Global Merger and Acquisition (M&A) activity quickly heated up in 2021, driven by low-interest rates, seller concerns about anticipated tax law changes, and perhaps a bit of pent-up demand coming out of the economic lockdowns. According to Refinitiv data, the total value of pending and completed deals announced from the January-May period touched $2.4 trillion, an all-time record. Though today’s M&A value proposition is massive, the potential risk is just as staggering. Numerous studies indicate somewhere between 70% and 90% of deals fail to achieve the expected value.   

Several points in the M&A process can contribute to the failure, but experts often point to gaps in the due diligence efforts. This article will provide a broader explanation of acquisition due diligence, its part in overall M&A, and share four principles that form the foundation for a successful diligence process.  
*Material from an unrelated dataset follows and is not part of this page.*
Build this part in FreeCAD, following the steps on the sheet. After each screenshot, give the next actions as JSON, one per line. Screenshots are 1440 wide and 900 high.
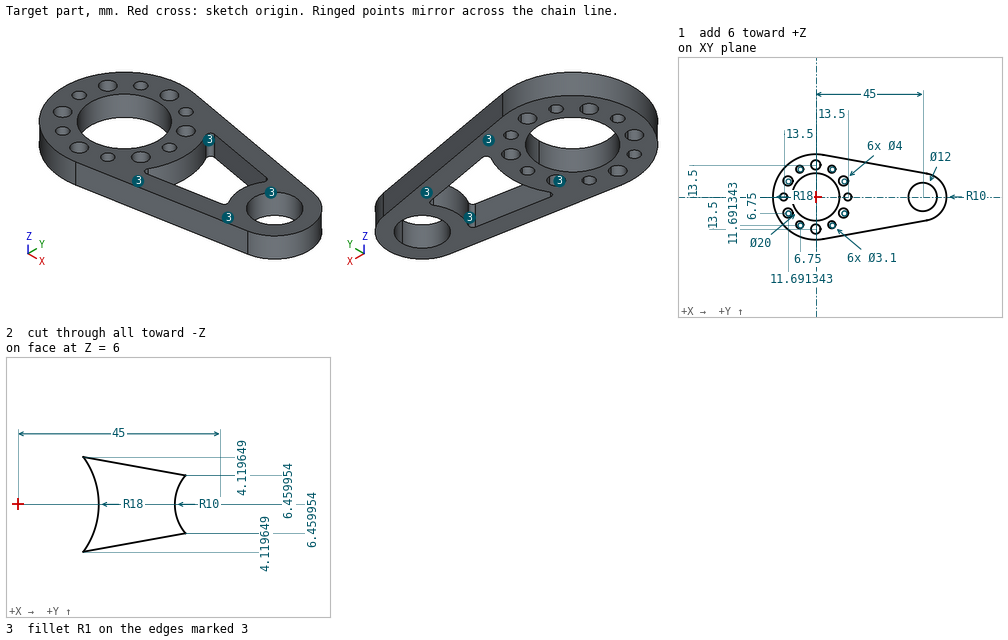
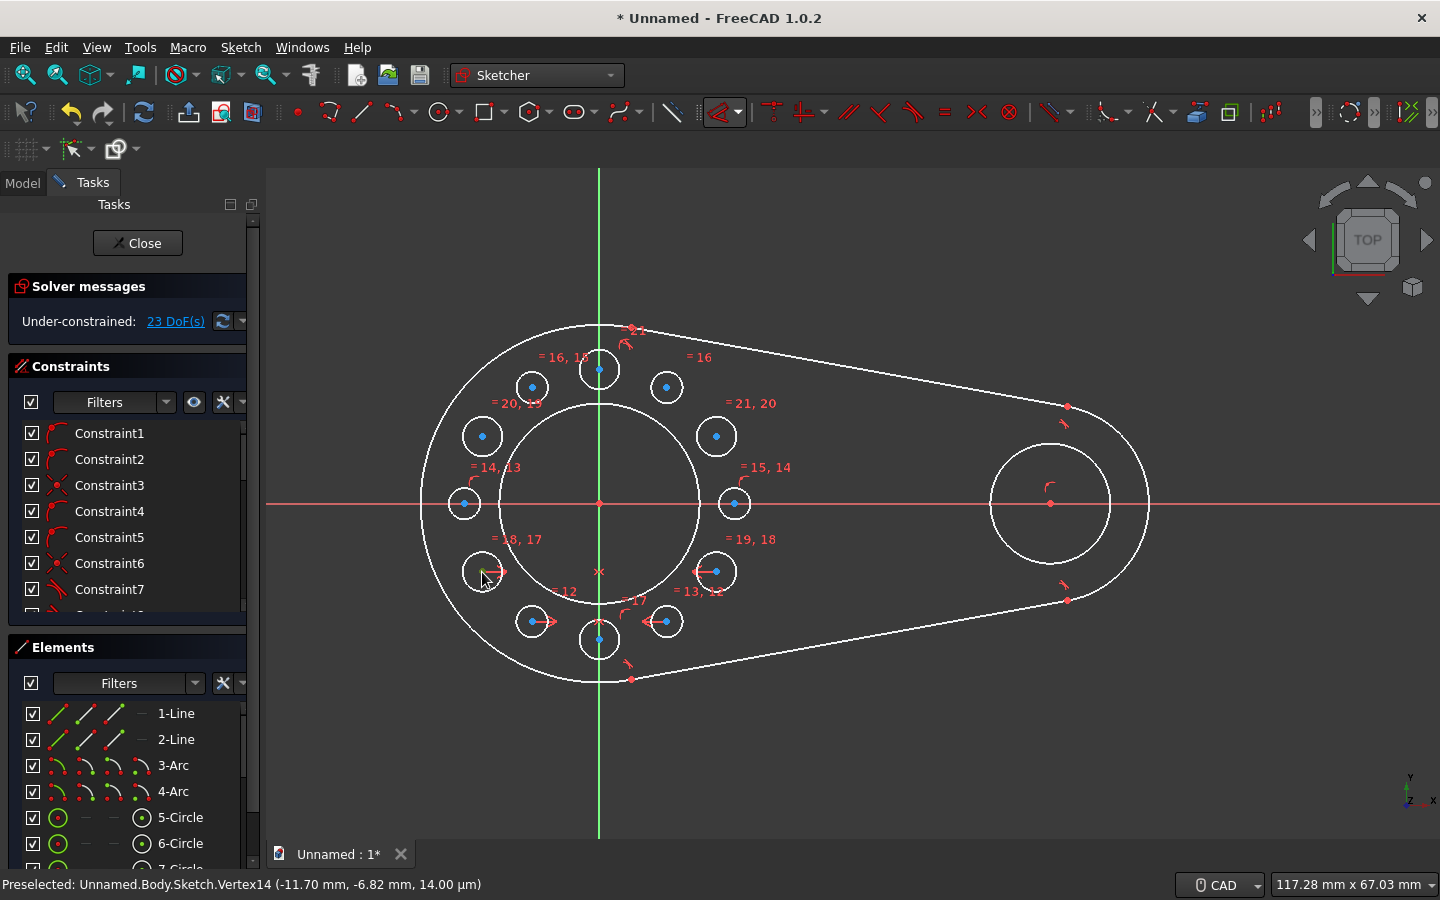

Brief Introduction to M&A Process 

The diagram below depicts a typical corporate M&A process. Since the focus of this article is on due diligence, we will not detail the steps that are taken to identify specific acquisition candidates.  Once there is agreement on price/terms (Step 6) between the buyer and seller, a letter of intent (Step 7) will be signed, and due diligence (Step 8) will commence. At this point, leaders of the acquiring organization must ensure a complete and comprehensive due diligence review of the target entity to fully understand the issues, opportunities, and risks associated with the transaction and ensure the accuracy of information obtained earlier in the process.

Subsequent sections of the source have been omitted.